* _Work instructions_
Nothing but the exact text of the entries should appear in your answer; pictures stay out.

* _Data shown_
==========
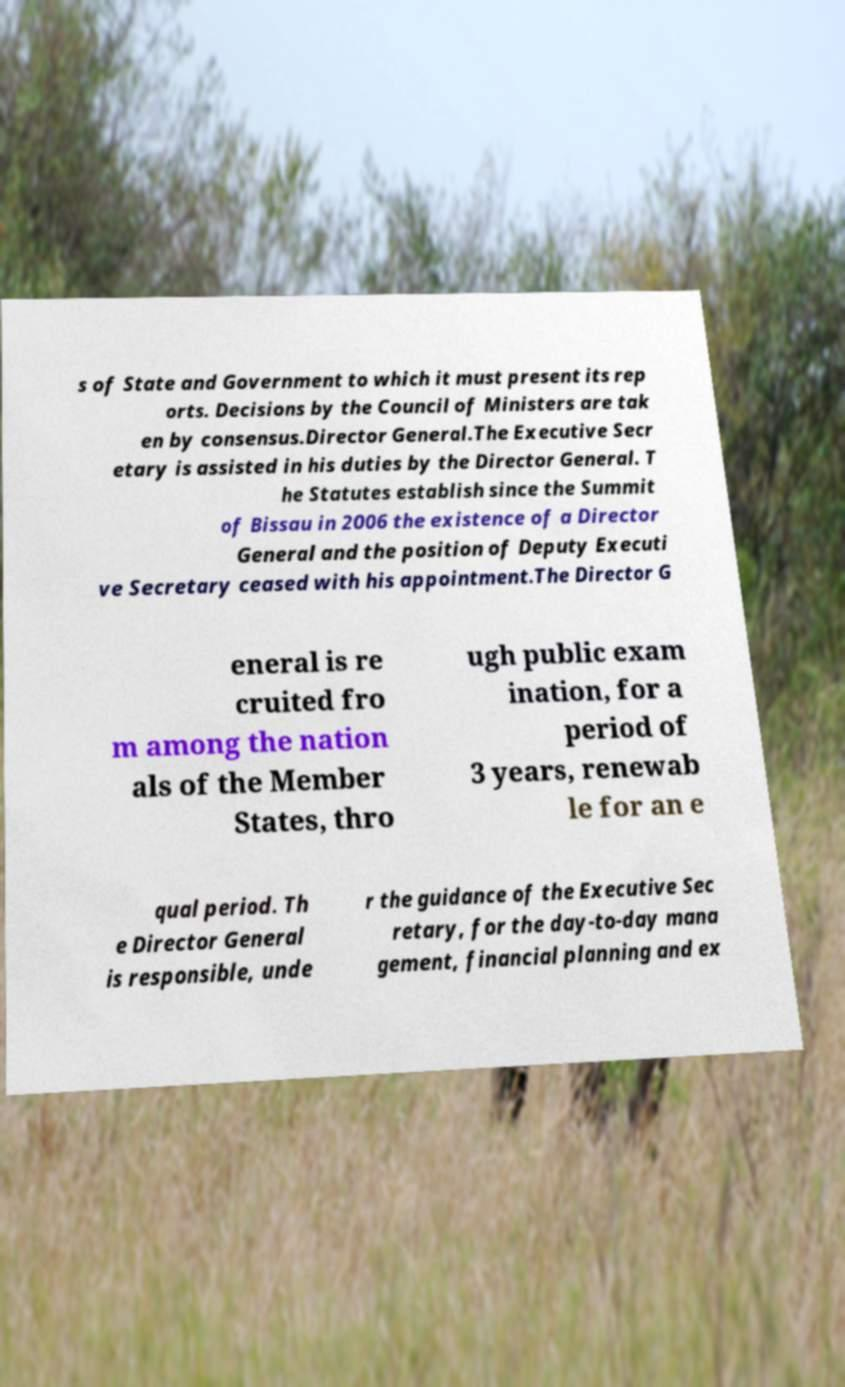Please read and relay the text visible in this image. What does it say? s of State and Government to which it must present its rep orts. Decisions by the Council of Ministers are tak en by consensus.Director General.The Executive Secr etary is assisted in his duties by the Director General. T he Statutes establish since the Summit of Bissau in 2006 the existence of a Director General and the position of Deputy Executi ve Secretary ceased with his appointment.The Director G eneral is re cruited fro m among the nation als of the Member States, thro ugh public exam ination, for a period of 3 years, renewab le for an e qual period. Th e Director General is responsible, unde r the guidance of the Executive Sec retary, for the day-to-day mana gement, financial planning and ex 
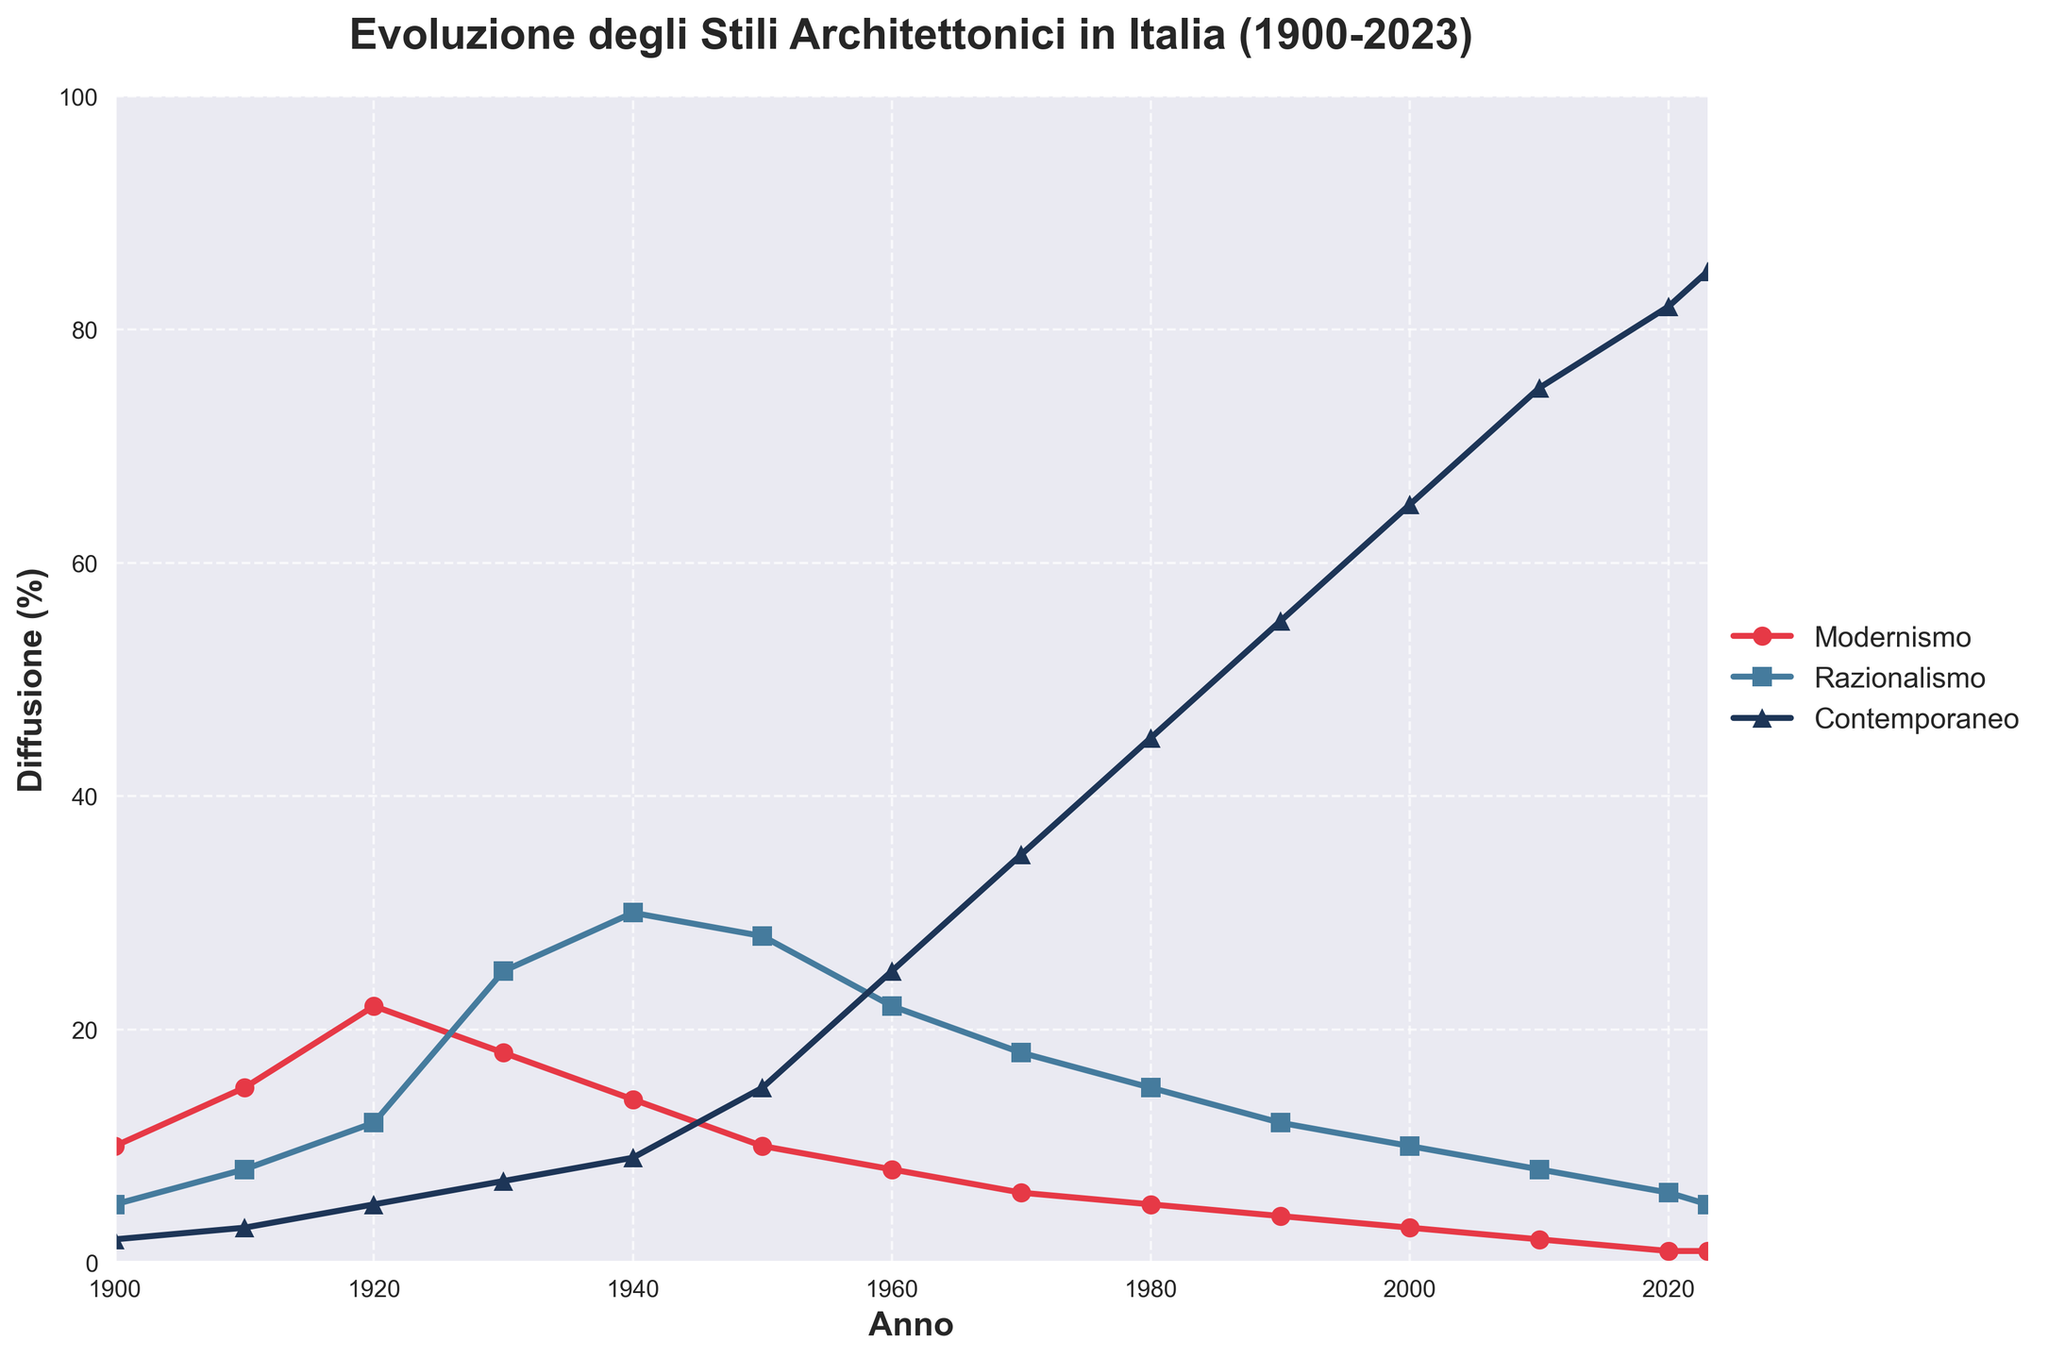What's the trend of the modernismo style from 1900 to 2023? The modernismo style starts at 10 in 1900, peaks at 22 in 1920, and then steadily declines to 1 by 2020, remaining at 1 up to 2023.
Answer: Declining In which decade did razionalismo experience the most significant growth? Between 1920 and 1930, the razionalismo style grew from 12 to 25, indicating the most significant growth in a decade.
Answer: 1920-1930 Which architectural style surpasses the others in the 1980s? In the 1980s, contemporaneo surpasses both modernismo and razionalismo with a value of 45.
Answer: Contemporaneo Compare the diffusion of modernismo and razionalismo in 1930. Which was more predominant? In 1930, modernismo had a value of 18, while razionalismo had a value of 25.
Answer: Razionalismo Calculate the average diffusion of contemporary style from 2000 to 2023. The diffusion values for contemporary style from 2000 to 2023 are 65, 75, 82, and 85. The sum is 307; dividing by 4 gives an average of 76.75.
Answer: 76.75 Which style's diffusion sees the least change from 2010 to 2023? Modernismo's diffusion remains almost unchanged from 2 in 2010 to 1 in 2023, showing the least change.
Answer: Modernismo What is the rate of decline in modernismo from 1920 to 1960? In 1920, modernismo is at 22, and by 1960 it drops to 8. The rate of decline is (22 - 8) / (1960 - 1920) = 14 / 40 = 0.35 per year.
Answer: 0.35 per year Between which two decades does contemporaneo see the biggest increase? Contemporaneo sees the biggest increase between 1950 and 1960, going from 15 to 25, an increase of 10.
Answer: 1950-1960 How does the visual representation of razionalismo change from 1940 to 2023? The line representing razionalismo peaks around 1940 at 30 and then steadily decreases to 5 by 2023, indicated by the blue line.
Answer: Decreasing Compare the starting value and ending value of contemporaneo from 1900 to 2023. Contemporaneo starts at 2 in 1900 and ends at 85 in 2023, showing a significant increase.
Answer: Starts at 2, ends at 85 
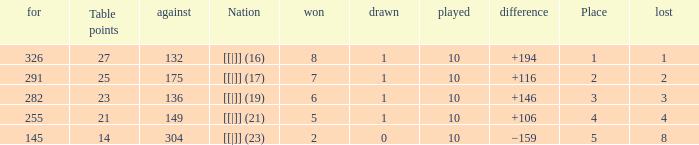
==========
* _Your solution_
Please read and relay the text visible in this image. What does it say? s of State and Government to which it must present its rep orts. Decisions by the Council of Ministers are tak en by consensus.Director General.The Executive Secr etary is assisted in his duties by the Director General. T he Statutes establish since the Summit of Bissau in 2006 the existence of a Director General and the position of Deputy Executi ve Secretary ceased with his appointment.The Director G eneral is re cruited fro m among the nation als of the Member States, thro ugh public exam ination, for a period of 3 years, renewab le for an e qual period. Th e Director General is responsible, unde r the guidance of the Executive Sec retary, for the day-to-day mana gement, financial planning and ex 
What's the trend of the modernismo style from 1900 to 2023? The modernismo style starts at 10 in 1900, peaks at 22 in 1920, and then steadily declines to 1 by 2020, remaining at 1 up to 2023.
Answer: Declining In which decade did razionalismo experience the most significant growth? Between 1920 and 1930, the razionalismo style grew from 12 to 25, indicating the most significant growth in a decade.
Answer: 1920-1930 Which architectural style surpasses the others in the 1980s? In the 1980s, contemporaneo surpasses both modernismo and razionalismo with a value of 45.
Answer: Contemporaneo Compare the diffusion of modernismo and razionalismo in 1930. Which was more predominant? In 1930, modernismo had a value of 18, while razionalismo had a value of 25.
Answer: Razionalismo Calculate the average diffusion of contemporary style from 2000 to 2023. The diffusion values for contemporary style from 2000 to 2023 are 65, 75, 82, and 85. The sum is 307; dividing by 4 gives an average of 76.75.
Answer: 76.75 Which style's diffusion sees the least change from 2010 to 2023? Modernismo's diffusion remains almost unchanged from 2 in 2010 to 1 in 2023, showing the least change.
Answer: Modernismo What is the rate of decline in modernismo from 1920 to 1960? In 1920, modernismo is at 22, and by 1960 it drops to 8. The rate of decline is (22 - 8) / (1960 - 1920) = 14 / 40 = 0.35 per year.
Answer: 0.35 per year Between which two decades does contemporaneo see the biggest increase? Contemporaneo sees the biggest increase between 1950 and 1960, going from 15 to 25, an increase of 10.
Answer: 1950-1960 How does the visual representation of razionalismo change from 1940 to 2023? The line representing razionalismo peaks around 1940 at 30 and then steadily decreases to 5 by 2023, indicated by the blue line.
Answer: Decreasing Compare the starting value and ending value of contemporaneo from 1900 to 2023. Contemporaneo starts at 2 in 1900 and ends at 85 in 2023, showing a significant increase.
Answer: Starts at 2, ends at 85 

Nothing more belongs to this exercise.